**PROBLEM REQUIREMENTS**. Could the records below please be retyped exactly, with their pictures left out?

(Dataset records)
◆ ◆ ◆ ◆

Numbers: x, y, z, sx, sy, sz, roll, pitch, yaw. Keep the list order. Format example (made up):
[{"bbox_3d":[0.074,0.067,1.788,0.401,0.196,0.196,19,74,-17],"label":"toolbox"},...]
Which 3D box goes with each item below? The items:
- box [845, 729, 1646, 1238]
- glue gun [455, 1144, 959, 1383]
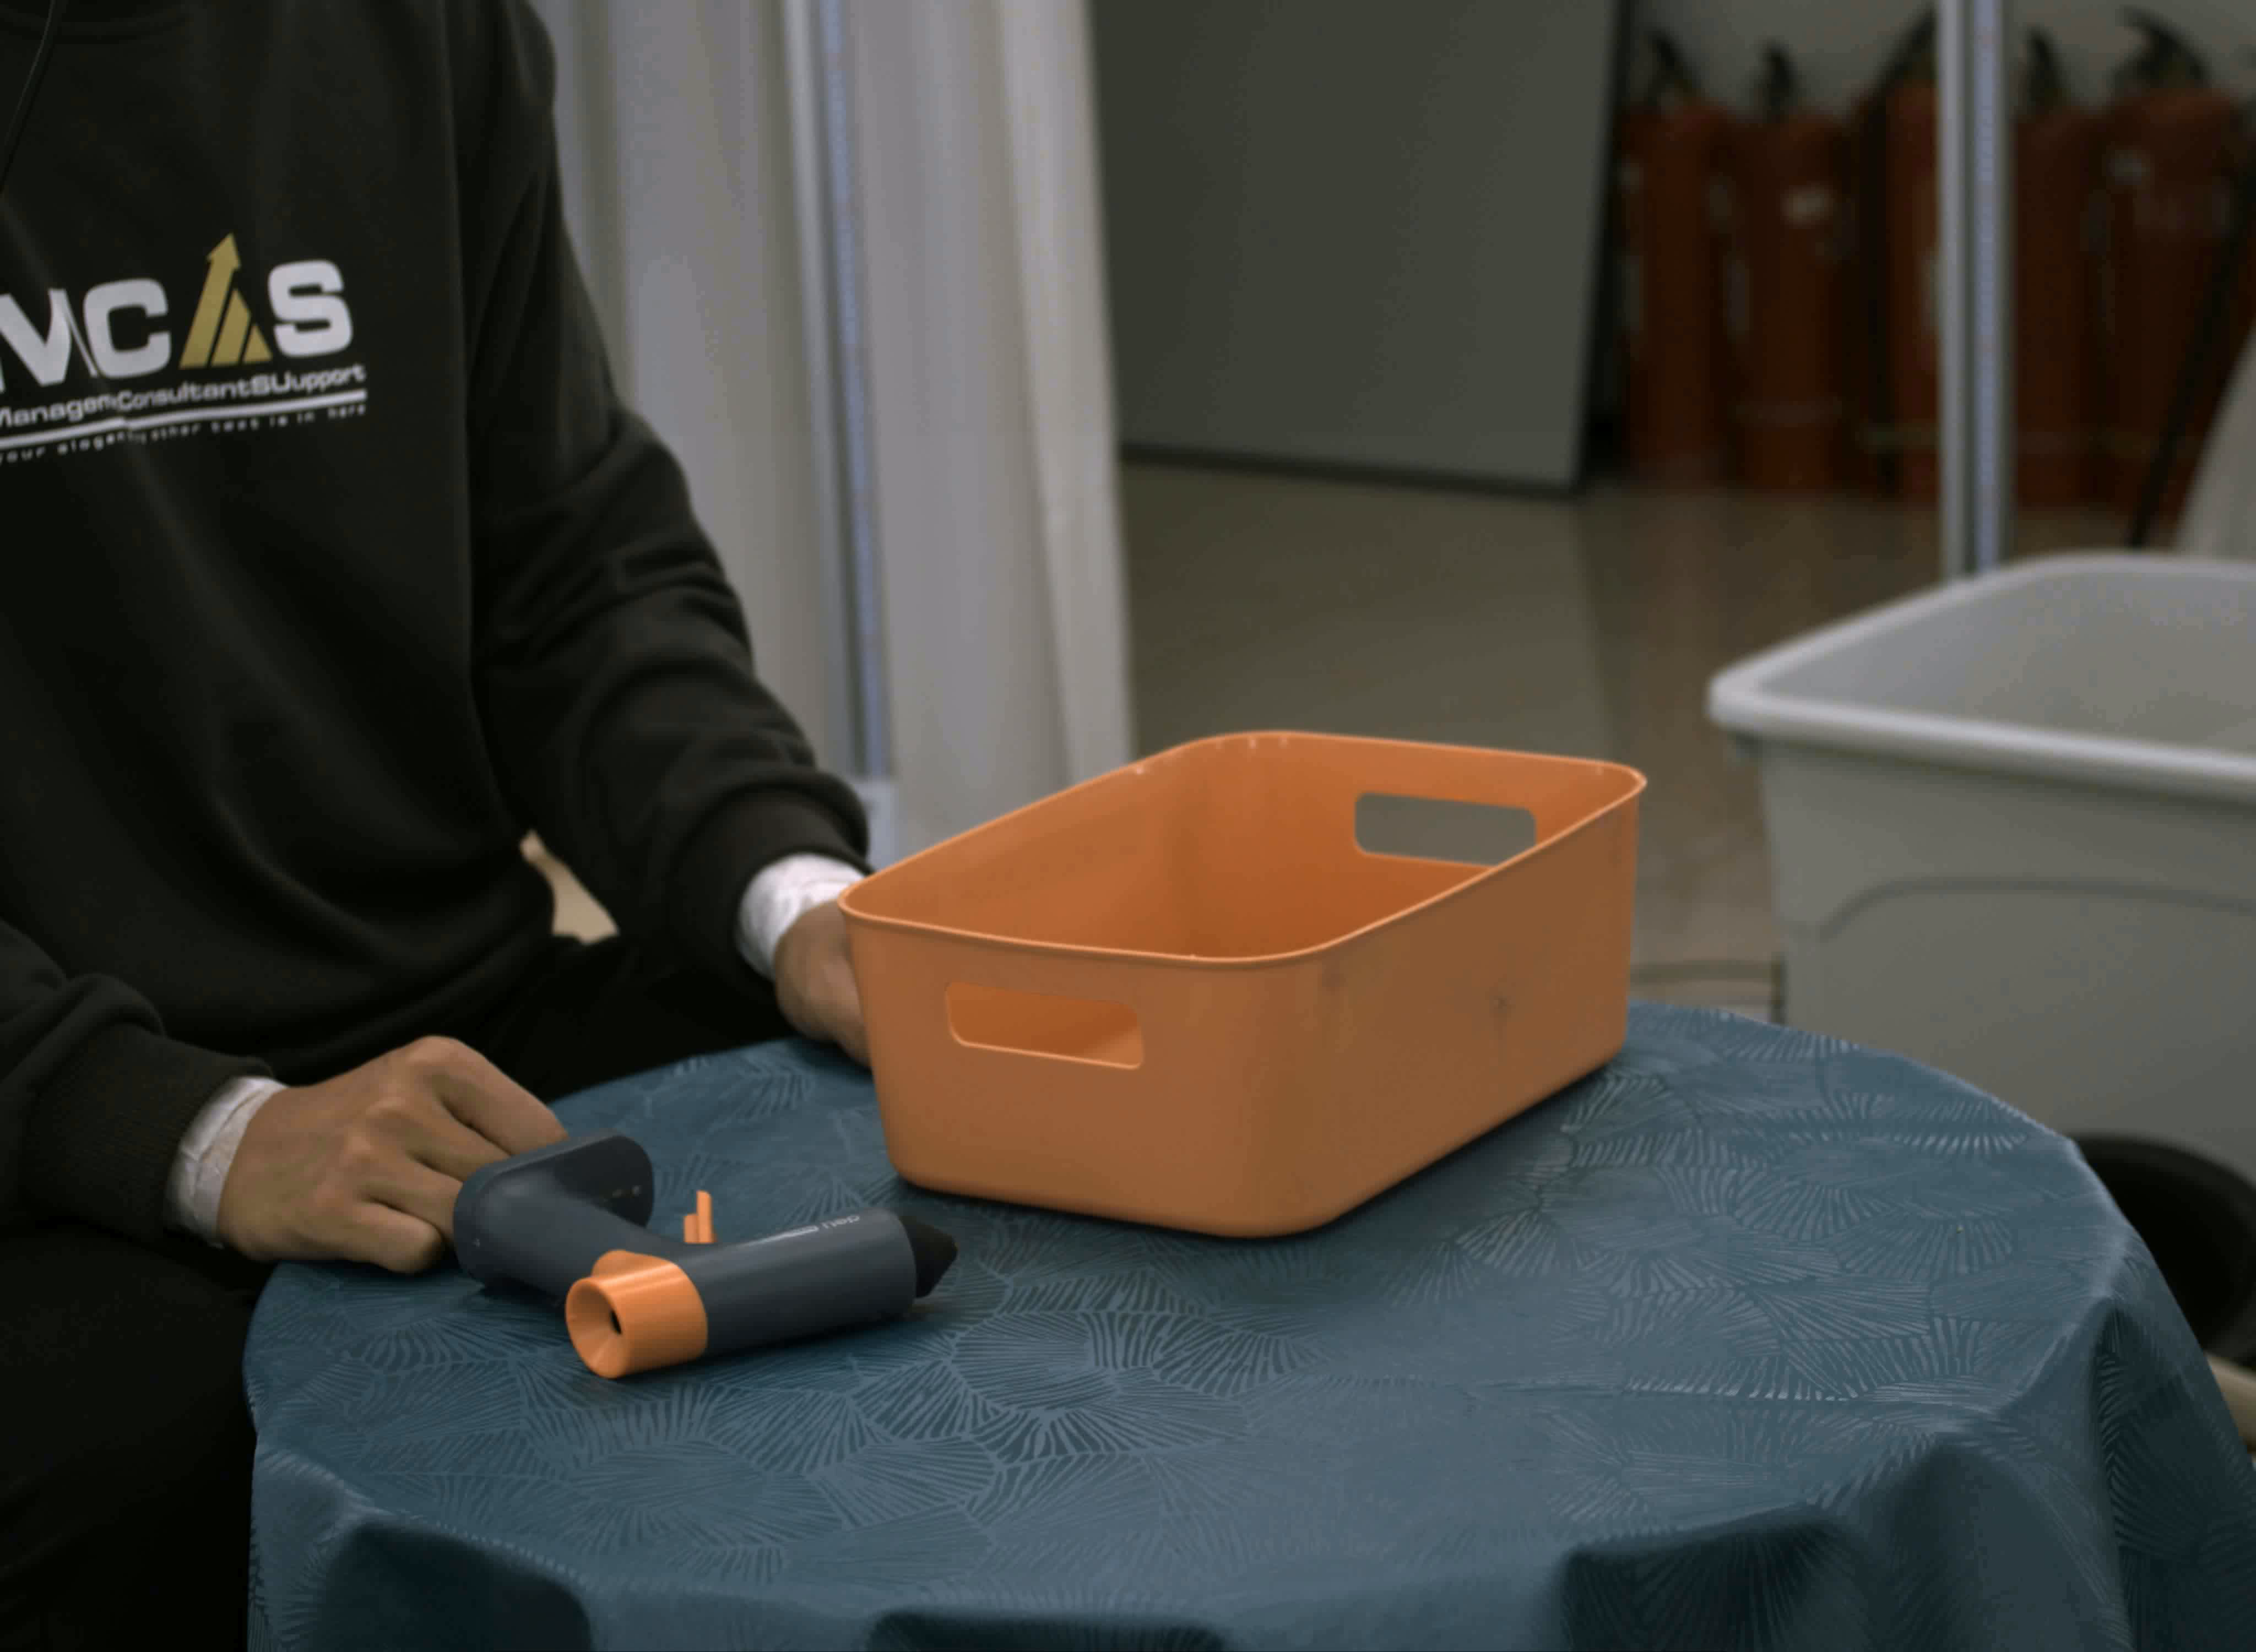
[{"bbox_3d":[0.045,0.051,1.835,0.200,0.103,0.268,5,17,34],"label":"box"},{"bbox_3d":[-0.135,0.137,1.690,0.115,0.041,0.141,-13,19,-40],"label":"glue gun"}]

◆ ◆ ◆ ◆

**TASK OUTPUT**.
Numbers: x, y, z, sx, sy, sz, roll, pitch, yaw. Keep the list order. Format example (made up):
[{"bbox_3d":[0.074,0.067,1.788,0.401,0.196,0.196,19,74,-17],"label":"toolbox"},...]
Which 3D box goes with each item below? The items:
- box [845, 729, 1646, 1238]
- glue gun [455, 1144, 959, 1383]
[{"bbox_3d":[0.045,0.051,1.835,0.200,0.103,0.268,5,17,34],"label":"box"},{"bbox_3d":[-0.135,0.137,1.690,0.115,0.041,0.141,-13,19,-40],"label":"glue gun"}]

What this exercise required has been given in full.